La sécheresse en elle-même a pour conséquence de provoquer un affaiblissement des arbres et de diminuer leur capacité de résistance ; le nombre d’arbres affaiblis, stressés ou dépérissants, victimes de parasites risque donc d’augmenter. La seule année 2003 a eu, sur la croissance et l’état sanitaire des peuplements, des répercussions défavorables qui se prolongeront encore pendant plusieurs années.
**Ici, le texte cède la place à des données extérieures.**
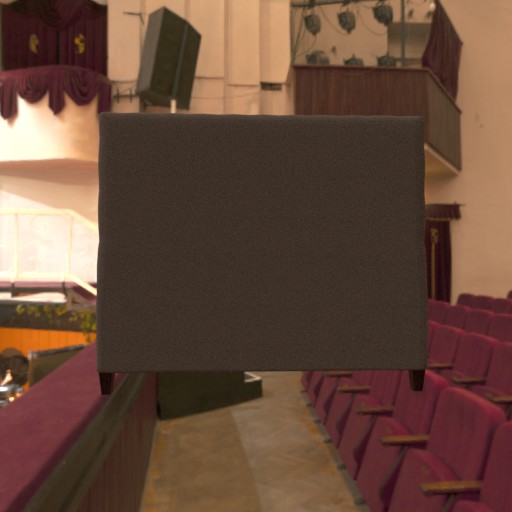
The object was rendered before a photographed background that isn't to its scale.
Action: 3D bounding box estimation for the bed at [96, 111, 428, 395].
[{"bbox_3d":[0.000,0.000,3.346,1.698,1.427,2.231,0,-1,-2],"label":"bed"}]
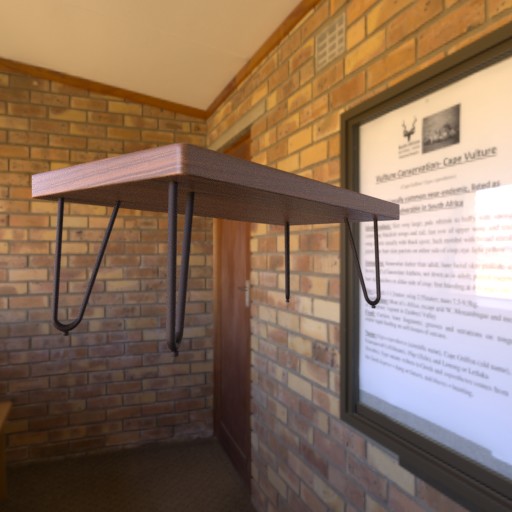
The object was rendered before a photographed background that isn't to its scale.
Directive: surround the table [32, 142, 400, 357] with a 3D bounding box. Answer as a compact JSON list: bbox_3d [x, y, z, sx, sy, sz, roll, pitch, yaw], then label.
[{"bbox_3d":[0.000,0.000,1.655,0.637,0.468,1.375,0,0,36],"label":"table"}]
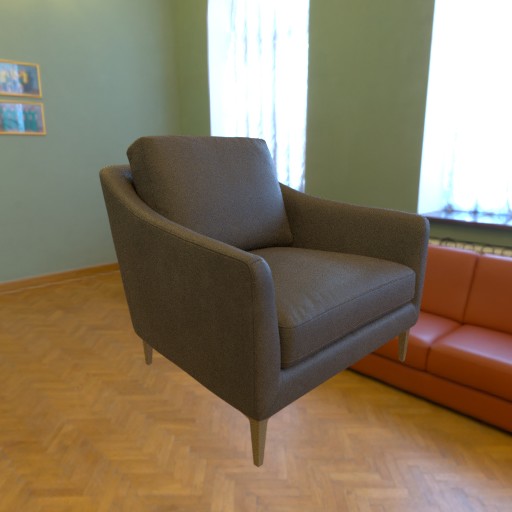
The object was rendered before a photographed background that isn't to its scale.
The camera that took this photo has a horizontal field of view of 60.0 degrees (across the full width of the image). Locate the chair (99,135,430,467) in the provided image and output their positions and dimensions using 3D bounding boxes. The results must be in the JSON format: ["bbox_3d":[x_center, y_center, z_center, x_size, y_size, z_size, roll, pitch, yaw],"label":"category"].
[{"bbox_3d":[0.000,0.000,1.701,0.961,0.901,0.988,12,18,42],"label":"chair"}]
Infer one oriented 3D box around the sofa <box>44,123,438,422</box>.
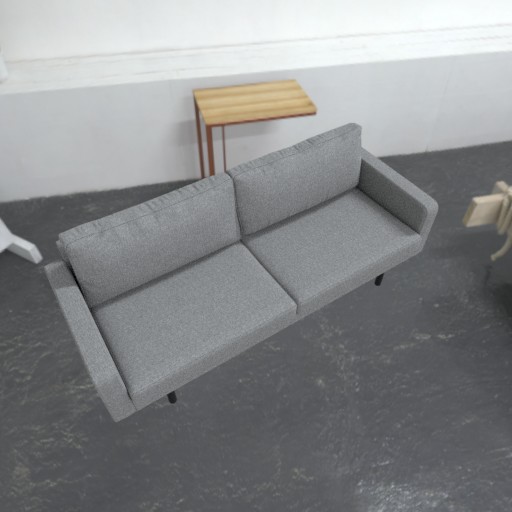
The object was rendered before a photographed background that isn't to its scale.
[{"bbox_3d":[0.000,0.000,2.690,2.200,0.880,0.880,-25,53,-21],"label":"sofa"}]
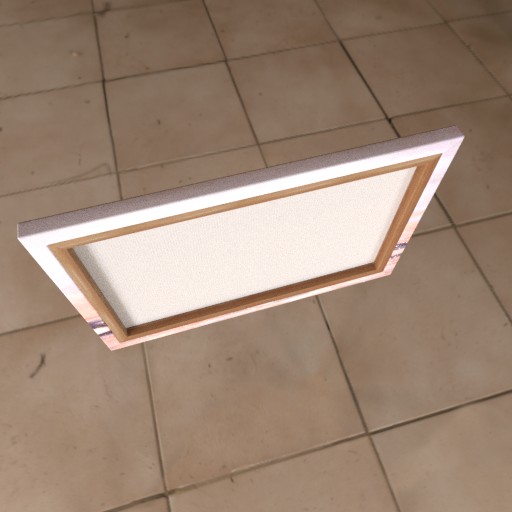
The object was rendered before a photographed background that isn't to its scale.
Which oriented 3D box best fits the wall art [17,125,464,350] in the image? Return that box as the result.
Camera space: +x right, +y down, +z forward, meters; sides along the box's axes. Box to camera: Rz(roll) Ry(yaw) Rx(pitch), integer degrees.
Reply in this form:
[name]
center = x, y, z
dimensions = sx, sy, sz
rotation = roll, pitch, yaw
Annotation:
[wall art]
center = 0.000, 0.000, 1.138
dimensions = 0.913, 0.609, 0.038
rotation = -14, 60, -8
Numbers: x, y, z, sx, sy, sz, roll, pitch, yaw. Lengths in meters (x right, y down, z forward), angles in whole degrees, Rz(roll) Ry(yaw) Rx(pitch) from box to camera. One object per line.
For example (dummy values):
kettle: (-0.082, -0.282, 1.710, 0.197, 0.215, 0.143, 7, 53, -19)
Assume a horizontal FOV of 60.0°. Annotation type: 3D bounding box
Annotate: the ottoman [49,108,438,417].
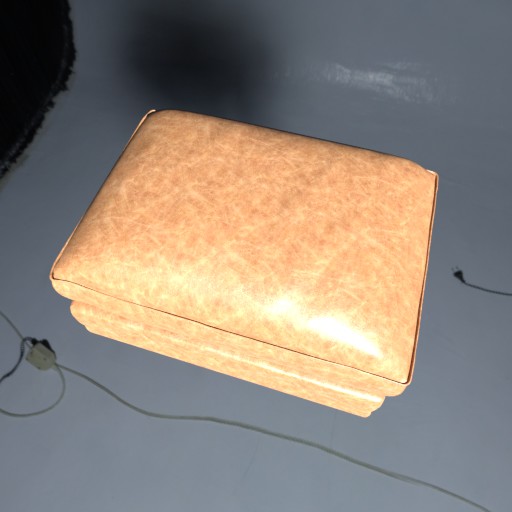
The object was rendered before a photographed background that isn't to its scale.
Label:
ottoman: (0.000, 0.000, 1.058, 0.710, 0.480, 0.533, 15, 61, 9)
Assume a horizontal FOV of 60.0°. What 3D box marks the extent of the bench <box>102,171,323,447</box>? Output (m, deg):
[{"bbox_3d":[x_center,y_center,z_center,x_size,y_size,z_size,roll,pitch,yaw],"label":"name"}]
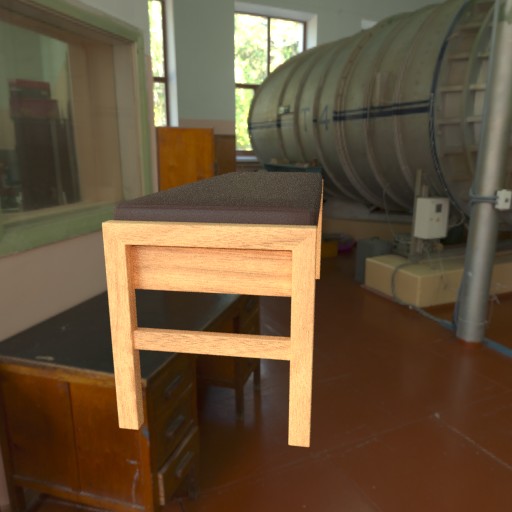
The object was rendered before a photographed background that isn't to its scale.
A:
[{"bbox_3d":[0.000,0.000,1.434,0.405,0.480,1.200,2,14,9],"label":"bench"}]
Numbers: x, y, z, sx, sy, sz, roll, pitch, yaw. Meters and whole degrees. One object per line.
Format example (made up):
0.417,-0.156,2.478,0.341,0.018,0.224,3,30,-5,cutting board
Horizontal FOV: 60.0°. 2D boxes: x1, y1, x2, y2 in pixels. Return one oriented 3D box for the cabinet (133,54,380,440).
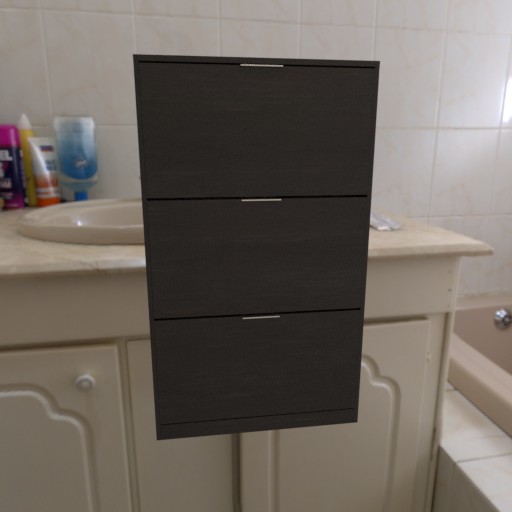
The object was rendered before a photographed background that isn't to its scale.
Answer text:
0.000,0.000,1.590,0.750,1.280,0.250,-2,14,-8,cabinet
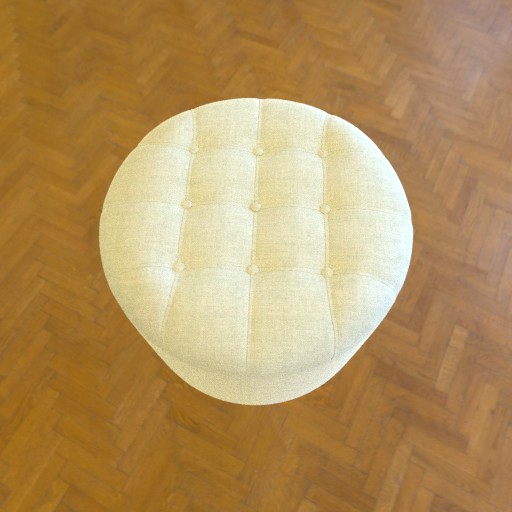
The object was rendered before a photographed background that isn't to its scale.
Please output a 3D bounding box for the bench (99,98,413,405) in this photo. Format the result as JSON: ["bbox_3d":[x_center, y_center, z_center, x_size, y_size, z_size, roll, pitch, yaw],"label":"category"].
[{"bbox_3d":[0.000,0.000,1.006,0.600,0.453,0.600,0,64,0],"label":"bench"}]

Une projection rétrospective permet donc de supposer que le réchauffement médiéval, même limité dans le temps, ainsi que le refroidissement et l’humidité du Petit Âge glaciaire ont pu faire évoluer le paysage phytosanitaire forestier et peut-être provoquer des dépérissements massifs. Mais les études contemporaines prouvent la capacité d’adaptation des espèces forestières sous l’effet de la sélection et de réactivité aux stress écologiques. La résilience de la forêt observée après des perturbations écologiques importantes laisse penser qu’elle a pu panser ses plaies avec le temps. Il n’en reste pas moins qu’on peut se demander si, sous l’effet des modifications climatiques, les aires de répartition des espèces n’ont pas évolué.